Grüne: "Anstieg ist erschütternd"
Michael Lühmann, innenpolitischer Sprecher der Grünen sagte: "Dieser massive Anstieg muss uns erschüttern und wachrütteln." Er forderte, sich umfassend mit der Gefahr durch den Rechtsextremismus auseinanderzusetzen. Dazu gehöre, zu hinterfragen, wer die Täterinnen und Täter sind und wie sie sich radikalisiert haben. "Wir warnen davor, zum politischen Tagesgeschäft überzugehen." Es gebe einen Nährboden, in dem rechte Straftaten gedeihen und auf dem auch die Gewalt weiter zunehme.

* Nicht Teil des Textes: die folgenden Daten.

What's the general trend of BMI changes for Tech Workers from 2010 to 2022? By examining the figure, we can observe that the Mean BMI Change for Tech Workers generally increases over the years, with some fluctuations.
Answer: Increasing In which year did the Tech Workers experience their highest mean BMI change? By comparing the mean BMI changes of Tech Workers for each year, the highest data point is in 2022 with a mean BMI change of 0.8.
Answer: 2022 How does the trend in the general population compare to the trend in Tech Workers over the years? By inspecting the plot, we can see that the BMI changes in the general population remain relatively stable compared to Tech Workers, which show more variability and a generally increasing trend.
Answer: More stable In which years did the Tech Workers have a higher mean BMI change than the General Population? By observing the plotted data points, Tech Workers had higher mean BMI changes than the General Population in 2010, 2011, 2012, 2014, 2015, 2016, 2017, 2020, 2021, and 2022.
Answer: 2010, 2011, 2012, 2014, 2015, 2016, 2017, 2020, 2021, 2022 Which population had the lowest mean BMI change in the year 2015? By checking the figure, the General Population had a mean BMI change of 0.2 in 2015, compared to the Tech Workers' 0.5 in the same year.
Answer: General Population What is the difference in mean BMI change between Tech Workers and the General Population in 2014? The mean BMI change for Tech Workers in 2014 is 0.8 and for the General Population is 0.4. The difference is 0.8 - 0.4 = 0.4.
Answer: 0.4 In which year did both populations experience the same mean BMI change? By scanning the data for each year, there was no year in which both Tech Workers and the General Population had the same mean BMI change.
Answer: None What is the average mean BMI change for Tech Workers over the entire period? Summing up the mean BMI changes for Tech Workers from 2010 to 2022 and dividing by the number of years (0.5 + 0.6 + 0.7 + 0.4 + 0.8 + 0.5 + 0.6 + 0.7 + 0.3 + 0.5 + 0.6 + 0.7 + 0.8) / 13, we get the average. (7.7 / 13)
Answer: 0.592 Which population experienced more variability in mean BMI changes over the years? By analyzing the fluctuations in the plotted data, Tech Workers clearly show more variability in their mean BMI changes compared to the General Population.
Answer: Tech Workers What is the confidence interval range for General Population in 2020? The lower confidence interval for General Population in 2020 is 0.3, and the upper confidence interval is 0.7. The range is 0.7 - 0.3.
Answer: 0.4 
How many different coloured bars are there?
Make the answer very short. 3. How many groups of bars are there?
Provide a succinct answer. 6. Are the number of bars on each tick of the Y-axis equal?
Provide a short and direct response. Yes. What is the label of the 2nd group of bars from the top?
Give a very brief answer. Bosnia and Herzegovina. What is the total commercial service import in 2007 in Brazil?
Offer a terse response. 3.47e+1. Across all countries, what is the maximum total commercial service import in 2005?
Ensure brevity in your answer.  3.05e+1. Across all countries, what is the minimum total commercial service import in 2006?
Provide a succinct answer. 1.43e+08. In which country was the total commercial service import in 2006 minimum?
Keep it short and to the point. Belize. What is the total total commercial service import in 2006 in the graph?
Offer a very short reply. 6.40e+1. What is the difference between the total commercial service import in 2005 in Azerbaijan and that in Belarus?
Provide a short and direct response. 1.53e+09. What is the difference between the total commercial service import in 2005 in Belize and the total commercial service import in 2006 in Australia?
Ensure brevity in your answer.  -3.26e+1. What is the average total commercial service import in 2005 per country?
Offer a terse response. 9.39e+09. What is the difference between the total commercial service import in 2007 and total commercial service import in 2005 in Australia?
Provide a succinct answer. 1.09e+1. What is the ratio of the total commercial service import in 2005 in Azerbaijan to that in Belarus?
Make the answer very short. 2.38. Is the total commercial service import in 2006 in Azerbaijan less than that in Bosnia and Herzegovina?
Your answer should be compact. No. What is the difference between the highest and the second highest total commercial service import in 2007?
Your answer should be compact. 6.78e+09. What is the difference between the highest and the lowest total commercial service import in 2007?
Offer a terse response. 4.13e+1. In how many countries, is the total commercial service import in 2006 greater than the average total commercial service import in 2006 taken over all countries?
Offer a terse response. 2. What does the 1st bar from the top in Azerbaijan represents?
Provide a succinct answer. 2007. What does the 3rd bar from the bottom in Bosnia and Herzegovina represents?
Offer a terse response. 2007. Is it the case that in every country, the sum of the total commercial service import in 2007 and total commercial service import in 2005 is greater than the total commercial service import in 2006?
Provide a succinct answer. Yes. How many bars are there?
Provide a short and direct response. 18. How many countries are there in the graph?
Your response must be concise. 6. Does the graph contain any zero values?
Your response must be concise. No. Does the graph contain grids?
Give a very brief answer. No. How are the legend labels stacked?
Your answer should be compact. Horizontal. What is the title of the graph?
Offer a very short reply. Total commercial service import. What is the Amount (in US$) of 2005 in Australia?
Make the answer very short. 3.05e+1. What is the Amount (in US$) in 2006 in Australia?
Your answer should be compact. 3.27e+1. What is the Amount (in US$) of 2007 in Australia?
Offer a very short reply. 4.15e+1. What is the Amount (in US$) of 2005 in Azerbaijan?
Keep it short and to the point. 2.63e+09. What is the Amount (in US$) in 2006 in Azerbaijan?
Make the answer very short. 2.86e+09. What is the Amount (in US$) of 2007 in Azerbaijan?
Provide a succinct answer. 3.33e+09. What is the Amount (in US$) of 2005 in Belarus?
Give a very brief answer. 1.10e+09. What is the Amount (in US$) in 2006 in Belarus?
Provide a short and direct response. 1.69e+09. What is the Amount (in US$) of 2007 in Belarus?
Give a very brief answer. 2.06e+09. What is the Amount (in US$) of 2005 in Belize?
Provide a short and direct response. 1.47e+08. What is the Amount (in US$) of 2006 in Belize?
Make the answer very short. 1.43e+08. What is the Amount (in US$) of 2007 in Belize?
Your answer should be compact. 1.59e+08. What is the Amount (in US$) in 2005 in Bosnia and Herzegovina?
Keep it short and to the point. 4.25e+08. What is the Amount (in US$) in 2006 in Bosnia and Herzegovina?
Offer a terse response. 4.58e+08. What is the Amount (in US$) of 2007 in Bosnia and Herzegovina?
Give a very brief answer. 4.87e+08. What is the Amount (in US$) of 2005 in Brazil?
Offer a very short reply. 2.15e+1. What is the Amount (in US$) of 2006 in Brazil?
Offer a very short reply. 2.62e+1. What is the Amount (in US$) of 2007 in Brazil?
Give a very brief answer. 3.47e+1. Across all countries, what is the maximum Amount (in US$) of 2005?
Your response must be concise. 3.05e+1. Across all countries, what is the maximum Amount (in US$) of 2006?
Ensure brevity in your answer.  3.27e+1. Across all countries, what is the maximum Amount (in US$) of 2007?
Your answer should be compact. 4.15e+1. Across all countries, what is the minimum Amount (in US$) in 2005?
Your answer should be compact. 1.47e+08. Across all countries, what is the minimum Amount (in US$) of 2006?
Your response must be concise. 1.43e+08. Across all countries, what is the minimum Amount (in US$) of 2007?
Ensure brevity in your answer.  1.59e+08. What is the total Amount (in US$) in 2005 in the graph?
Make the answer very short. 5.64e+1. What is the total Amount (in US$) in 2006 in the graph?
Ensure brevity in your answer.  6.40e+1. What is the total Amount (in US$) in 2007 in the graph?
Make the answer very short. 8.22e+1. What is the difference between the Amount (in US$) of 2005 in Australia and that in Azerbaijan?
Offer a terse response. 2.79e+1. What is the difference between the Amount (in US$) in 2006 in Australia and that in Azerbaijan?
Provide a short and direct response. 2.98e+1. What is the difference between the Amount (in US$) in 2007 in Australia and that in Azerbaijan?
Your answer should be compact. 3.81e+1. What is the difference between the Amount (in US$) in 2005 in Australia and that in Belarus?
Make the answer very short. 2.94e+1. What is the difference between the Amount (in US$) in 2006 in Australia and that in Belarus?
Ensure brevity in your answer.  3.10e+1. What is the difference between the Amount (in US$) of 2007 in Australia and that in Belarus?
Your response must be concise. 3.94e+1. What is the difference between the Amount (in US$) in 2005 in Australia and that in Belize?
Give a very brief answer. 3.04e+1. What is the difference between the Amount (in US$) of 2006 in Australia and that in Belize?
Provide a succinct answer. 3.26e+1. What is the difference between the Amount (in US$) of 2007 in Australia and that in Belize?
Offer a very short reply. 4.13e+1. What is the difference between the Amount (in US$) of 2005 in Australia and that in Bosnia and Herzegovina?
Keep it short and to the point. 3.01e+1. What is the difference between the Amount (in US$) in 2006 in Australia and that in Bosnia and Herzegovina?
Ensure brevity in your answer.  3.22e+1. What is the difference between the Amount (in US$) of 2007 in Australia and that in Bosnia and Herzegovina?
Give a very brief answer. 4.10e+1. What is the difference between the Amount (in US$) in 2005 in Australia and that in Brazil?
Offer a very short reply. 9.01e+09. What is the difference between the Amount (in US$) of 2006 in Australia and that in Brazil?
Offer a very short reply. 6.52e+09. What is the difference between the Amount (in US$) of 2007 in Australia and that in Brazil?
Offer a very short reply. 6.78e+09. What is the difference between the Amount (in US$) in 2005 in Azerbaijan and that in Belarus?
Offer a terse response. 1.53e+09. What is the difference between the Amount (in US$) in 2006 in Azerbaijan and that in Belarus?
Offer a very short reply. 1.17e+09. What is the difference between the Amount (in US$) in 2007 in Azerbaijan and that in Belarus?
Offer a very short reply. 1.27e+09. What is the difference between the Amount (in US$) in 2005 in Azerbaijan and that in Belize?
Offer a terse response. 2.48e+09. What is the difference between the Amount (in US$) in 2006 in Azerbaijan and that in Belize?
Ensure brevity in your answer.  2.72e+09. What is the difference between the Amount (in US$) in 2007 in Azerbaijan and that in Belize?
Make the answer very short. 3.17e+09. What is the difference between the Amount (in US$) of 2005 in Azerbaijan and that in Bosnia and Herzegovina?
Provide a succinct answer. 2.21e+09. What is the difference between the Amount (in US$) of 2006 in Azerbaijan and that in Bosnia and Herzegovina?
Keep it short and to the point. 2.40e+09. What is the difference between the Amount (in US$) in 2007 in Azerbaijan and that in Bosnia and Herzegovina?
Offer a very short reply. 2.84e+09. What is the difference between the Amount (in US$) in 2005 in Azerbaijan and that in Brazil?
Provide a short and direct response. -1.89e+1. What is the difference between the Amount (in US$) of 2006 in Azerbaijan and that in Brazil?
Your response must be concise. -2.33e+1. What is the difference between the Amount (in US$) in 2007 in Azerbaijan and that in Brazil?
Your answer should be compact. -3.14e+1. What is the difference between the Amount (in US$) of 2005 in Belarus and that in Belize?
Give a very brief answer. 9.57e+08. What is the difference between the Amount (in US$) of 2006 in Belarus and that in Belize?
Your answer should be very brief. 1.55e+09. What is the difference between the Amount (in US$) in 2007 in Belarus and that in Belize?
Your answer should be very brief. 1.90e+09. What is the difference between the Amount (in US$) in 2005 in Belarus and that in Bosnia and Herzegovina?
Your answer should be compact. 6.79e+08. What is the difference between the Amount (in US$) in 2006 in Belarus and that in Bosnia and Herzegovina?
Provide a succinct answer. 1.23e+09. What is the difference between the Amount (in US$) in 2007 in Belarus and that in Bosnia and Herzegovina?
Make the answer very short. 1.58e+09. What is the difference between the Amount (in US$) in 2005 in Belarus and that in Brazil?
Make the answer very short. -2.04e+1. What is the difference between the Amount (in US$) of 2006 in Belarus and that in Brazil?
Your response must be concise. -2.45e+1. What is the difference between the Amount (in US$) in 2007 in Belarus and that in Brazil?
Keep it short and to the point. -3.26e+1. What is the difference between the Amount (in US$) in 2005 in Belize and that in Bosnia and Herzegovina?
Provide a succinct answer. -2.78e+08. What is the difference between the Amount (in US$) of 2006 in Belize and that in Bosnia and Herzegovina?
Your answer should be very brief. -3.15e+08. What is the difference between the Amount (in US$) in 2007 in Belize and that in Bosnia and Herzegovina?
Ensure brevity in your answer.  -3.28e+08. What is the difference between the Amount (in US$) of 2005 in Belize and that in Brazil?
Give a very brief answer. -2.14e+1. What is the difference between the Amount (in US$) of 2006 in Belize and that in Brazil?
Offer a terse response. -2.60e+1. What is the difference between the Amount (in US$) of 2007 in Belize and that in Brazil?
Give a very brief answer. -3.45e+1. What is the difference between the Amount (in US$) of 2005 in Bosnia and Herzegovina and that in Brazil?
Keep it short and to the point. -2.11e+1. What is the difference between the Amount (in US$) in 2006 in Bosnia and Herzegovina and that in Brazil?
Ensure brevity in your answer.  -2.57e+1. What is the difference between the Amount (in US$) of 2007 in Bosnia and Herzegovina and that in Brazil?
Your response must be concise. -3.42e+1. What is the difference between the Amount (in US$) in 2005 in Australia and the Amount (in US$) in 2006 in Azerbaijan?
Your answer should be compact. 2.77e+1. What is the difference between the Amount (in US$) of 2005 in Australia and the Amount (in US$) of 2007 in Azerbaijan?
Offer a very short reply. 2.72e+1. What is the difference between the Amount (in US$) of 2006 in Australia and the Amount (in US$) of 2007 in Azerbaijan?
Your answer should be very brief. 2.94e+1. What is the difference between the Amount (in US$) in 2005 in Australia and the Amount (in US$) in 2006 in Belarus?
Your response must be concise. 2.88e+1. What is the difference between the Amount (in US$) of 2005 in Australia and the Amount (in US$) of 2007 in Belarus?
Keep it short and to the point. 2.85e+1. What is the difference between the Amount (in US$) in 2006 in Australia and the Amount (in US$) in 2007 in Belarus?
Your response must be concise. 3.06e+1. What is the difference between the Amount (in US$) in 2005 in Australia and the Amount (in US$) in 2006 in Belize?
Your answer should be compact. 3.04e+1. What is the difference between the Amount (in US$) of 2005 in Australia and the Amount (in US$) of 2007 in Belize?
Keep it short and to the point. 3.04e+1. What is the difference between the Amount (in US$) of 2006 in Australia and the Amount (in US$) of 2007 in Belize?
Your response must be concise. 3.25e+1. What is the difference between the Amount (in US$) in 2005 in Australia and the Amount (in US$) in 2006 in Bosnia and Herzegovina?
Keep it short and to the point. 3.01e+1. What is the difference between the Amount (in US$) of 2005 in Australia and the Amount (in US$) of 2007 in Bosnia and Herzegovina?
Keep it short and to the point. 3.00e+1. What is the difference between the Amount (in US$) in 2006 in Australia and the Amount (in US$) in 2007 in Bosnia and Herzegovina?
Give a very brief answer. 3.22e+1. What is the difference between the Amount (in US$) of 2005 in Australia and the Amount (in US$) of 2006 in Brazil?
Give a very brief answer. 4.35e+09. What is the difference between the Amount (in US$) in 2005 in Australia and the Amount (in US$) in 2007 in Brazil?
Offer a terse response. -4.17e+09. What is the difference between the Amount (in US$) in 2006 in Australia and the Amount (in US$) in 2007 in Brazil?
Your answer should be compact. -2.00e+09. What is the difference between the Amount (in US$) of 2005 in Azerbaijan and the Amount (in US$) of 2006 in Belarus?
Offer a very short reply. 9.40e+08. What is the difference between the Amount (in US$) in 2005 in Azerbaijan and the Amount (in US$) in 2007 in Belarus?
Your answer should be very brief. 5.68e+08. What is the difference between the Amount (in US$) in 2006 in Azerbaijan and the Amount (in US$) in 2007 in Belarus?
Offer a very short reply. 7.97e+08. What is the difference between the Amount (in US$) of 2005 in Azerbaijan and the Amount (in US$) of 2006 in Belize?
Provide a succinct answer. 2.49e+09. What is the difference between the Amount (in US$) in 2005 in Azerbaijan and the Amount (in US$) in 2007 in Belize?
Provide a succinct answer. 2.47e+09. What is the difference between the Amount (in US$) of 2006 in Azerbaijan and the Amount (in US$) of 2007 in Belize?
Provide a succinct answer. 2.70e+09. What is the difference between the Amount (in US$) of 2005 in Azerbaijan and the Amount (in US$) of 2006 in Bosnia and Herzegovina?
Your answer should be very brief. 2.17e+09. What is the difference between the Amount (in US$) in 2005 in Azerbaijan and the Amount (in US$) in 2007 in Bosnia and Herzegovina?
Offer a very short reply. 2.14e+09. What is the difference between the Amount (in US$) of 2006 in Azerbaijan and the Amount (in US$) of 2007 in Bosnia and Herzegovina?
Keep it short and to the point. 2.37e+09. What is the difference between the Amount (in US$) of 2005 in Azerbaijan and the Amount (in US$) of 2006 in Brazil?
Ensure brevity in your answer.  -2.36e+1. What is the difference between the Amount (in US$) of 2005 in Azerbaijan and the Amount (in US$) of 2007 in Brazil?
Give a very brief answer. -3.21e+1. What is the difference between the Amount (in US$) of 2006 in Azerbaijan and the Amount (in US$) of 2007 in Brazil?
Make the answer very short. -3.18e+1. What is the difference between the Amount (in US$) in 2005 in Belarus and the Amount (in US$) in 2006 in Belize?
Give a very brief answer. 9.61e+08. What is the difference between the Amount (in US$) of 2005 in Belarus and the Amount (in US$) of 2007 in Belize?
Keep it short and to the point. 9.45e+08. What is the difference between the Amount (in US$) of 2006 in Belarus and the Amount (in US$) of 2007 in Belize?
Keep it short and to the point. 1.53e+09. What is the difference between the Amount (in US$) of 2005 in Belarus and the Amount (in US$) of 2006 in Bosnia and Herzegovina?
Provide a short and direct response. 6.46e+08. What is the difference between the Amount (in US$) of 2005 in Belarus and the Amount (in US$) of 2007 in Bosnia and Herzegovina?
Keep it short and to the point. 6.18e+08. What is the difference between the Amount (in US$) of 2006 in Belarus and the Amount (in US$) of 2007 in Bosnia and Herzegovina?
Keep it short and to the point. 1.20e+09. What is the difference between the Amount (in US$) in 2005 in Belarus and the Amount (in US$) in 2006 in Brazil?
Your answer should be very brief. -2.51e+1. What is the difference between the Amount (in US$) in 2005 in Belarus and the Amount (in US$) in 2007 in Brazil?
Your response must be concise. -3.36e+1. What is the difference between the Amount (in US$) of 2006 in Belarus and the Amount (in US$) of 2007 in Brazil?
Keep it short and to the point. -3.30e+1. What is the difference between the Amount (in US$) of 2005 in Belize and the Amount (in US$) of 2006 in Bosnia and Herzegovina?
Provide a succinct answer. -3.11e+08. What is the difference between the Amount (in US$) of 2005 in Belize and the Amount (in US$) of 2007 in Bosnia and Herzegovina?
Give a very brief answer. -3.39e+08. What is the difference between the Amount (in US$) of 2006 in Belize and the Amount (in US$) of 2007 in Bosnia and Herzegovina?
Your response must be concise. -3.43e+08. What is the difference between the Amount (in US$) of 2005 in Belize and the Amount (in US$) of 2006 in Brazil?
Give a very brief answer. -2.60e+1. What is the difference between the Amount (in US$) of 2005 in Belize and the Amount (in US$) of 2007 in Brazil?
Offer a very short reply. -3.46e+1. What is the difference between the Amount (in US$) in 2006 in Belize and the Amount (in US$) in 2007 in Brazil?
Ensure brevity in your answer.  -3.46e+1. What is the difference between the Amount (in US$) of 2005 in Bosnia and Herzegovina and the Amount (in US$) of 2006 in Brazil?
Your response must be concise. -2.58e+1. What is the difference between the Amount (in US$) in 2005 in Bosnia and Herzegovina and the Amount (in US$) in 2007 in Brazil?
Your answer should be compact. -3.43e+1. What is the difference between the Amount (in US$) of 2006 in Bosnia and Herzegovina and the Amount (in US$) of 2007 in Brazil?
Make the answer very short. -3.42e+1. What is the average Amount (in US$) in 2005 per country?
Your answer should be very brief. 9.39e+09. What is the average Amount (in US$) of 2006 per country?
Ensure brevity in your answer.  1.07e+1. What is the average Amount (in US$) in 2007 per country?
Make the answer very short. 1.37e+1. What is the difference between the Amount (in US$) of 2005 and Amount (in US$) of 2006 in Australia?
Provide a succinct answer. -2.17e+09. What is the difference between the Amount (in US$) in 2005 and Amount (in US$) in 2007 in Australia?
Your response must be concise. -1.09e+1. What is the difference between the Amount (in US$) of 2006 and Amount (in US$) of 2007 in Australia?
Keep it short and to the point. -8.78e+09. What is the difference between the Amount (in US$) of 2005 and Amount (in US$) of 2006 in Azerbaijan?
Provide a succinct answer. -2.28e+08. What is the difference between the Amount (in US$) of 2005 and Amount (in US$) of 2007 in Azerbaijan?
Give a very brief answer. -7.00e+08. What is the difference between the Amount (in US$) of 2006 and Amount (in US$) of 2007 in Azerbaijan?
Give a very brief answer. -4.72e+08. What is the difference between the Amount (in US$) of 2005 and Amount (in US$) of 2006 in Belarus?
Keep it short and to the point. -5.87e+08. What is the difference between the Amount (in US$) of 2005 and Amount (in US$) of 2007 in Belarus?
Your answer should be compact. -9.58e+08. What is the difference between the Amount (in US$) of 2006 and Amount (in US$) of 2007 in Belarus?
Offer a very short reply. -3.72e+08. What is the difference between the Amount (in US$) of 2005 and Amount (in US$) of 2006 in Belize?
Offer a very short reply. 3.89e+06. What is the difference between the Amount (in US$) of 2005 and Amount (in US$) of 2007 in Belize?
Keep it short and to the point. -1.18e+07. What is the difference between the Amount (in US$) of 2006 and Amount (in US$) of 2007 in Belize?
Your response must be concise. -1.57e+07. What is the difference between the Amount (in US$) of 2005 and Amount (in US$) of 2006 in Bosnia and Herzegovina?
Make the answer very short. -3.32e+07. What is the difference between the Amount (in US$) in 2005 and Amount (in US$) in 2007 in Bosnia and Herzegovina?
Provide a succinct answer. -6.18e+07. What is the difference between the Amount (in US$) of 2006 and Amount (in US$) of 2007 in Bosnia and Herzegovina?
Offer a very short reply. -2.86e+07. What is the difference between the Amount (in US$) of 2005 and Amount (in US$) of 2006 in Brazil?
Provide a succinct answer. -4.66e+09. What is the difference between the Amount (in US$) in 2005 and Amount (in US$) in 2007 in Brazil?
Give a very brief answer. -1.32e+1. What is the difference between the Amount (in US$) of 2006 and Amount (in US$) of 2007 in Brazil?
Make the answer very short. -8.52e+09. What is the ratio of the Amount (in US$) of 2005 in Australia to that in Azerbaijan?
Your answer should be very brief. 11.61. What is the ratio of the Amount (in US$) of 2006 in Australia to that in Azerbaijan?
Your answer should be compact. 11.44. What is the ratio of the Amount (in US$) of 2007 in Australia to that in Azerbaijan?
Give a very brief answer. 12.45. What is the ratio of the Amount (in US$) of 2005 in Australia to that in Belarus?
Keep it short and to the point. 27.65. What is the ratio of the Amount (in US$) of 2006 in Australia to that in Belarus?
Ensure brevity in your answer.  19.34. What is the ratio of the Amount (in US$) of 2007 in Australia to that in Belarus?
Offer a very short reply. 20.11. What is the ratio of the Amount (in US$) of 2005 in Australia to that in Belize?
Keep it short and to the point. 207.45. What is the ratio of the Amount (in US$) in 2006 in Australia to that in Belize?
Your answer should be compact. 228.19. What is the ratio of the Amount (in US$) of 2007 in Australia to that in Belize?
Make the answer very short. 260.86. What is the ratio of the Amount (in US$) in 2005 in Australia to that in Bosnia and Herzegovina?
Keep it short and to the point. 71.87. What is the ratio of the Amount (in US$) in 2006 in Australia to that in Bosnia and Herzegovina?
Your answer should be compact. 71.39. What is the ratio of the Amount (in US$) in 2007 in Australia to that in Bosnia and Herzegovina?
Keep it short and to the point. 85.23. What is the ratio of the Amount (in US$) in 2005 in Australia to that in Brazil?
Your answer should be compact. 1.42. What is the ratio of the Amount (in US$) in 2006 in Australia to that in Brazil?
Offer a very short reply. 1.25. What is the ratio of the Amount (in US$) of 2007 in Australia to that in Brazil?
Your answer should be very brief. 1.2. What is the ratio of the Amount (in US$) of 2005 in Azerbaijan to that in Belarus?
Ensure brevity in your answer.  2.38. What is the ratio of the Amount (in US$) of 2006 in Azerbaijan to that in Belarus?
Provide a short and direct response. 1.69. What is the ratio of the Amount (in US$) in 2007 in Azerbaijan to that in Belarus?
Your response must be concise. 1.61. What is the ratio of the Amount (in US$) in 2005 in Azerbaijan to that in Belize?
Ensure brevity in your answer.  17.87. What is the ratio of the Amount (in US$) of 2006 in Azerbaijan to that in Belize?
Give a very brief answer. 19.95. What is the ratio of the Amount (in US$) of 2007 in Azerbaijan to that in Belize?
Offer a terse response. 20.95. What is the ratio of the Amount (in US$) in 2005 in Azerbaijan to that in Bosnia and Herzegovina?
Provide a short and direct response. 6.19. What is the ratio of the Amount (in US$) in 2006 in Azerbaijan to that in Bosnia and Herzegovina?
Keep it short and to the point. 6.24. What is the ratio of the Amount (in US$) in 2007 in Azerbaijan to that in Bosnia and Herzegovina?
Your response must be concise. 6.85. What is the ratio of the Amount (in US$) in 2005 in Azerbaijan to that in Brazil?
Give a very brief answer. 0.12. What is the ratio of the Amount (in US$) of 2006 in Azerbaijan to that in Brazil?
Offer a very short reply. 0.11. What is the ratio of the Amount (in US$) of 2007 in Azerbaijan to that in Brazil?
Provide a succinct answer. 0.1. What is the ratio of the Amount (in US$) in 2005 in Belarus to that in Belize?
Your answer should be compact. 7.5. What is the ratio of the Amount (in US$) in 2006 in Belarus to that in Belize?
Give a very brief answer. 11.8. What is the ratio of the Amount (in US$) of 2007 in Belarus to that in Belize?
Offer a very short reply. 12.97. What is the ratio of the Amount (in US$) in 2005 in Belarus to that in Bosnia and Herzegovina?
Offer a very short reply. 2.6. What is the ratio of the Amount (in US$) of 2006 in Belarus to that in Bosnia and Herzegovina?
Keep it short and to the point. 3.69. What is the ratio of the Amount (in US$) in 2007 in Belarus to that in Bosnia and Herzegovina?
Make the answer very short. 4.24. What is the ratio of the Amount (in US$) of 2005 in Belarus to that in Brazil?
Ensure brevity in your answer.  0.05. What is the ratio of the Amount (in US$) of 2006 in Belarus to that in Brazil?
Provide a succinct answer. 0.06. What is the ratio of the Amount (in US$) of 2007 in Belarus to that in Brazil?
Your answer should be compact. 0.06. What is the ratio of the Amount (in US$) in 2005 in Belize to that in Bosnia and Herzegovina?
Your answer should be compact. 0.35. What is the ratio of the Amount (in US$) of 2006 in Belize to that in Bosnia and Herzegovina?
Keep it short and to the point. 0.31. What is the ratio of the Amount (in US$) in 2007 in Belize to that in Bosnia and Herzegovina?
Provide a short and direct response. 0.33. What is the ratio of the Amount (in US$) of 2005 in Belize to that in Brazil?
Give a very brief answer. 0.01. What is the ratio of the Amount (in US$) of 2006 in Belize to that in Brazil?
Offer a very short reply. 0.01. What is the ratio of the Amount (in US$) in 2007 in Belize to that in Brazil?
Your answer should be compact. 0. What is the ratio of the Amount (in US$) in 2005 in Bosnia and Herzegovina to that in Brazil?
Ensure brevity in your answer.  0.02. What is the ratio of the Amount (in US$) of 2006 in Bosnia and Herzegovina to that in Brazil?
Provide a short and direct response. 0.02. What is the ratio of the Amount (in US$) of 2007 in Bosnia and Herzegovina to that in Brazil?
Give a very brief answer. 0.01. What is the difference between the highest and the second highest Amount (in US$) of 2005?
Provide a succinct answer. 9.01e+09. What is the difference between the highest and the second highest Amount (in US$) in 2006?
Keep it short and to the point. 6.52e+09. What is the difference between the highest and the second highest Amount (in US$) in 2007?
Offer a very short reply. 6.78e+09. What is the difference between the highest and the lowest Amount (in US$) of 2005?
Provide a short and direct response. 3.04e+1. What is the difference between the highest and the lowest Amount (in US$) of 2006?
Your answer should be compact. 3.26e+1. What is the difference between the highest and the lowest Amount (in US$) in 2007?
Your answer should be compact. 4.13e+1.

Es müsse darüber gesprochen werden, wer dafür politisch mitverantwortlich sei, sagte Lühmann - auch mit Blick auf die AfD.
AFD: "Vermeintlich rechtsmotivierte Taten"
Der innenpolitische Sprecher der AfD-Fraktion, Stephan Bothe, sagte, natürlich müsse jede Straftat verfolgt werden. Aber oft "sind es auch harmlose Internet-Memes und allzu schnell beleidigte Politiker, die Statistiken in die gewünschte Richtung lenken." Fast täglich gebe es Beispiele "abstruser vermeintlich rechtsmotivierter" Taten. Bothe kritisierte auch "sprachliche oder mentale Angriffe" würden regelmäßig zu einer Anzeige führen und in die Statistik eingehen.
Flüchtlingsrat sieht politisches Klima als Grund
Kai Weber vom Flüchtlingsrat Niedersachsen sieht sich in der Annahme bestätigt, dass das aufgeheizte politische Klima eine Zunahme von Taten verursacht. "Es gibt eindeutig einen Zusammenhang zwischen der politischen Debatte und der Zunahme von Diskriminierung und Ausgrenzung", sagte Weber im Gespräch mit dem NDR Niedersachsen. Die Politik müsse zu einer verantwortlichen Sprache zurückfinden. Dazu gehört aus Webers Sicht das Bekenntnis zum Asylrecht.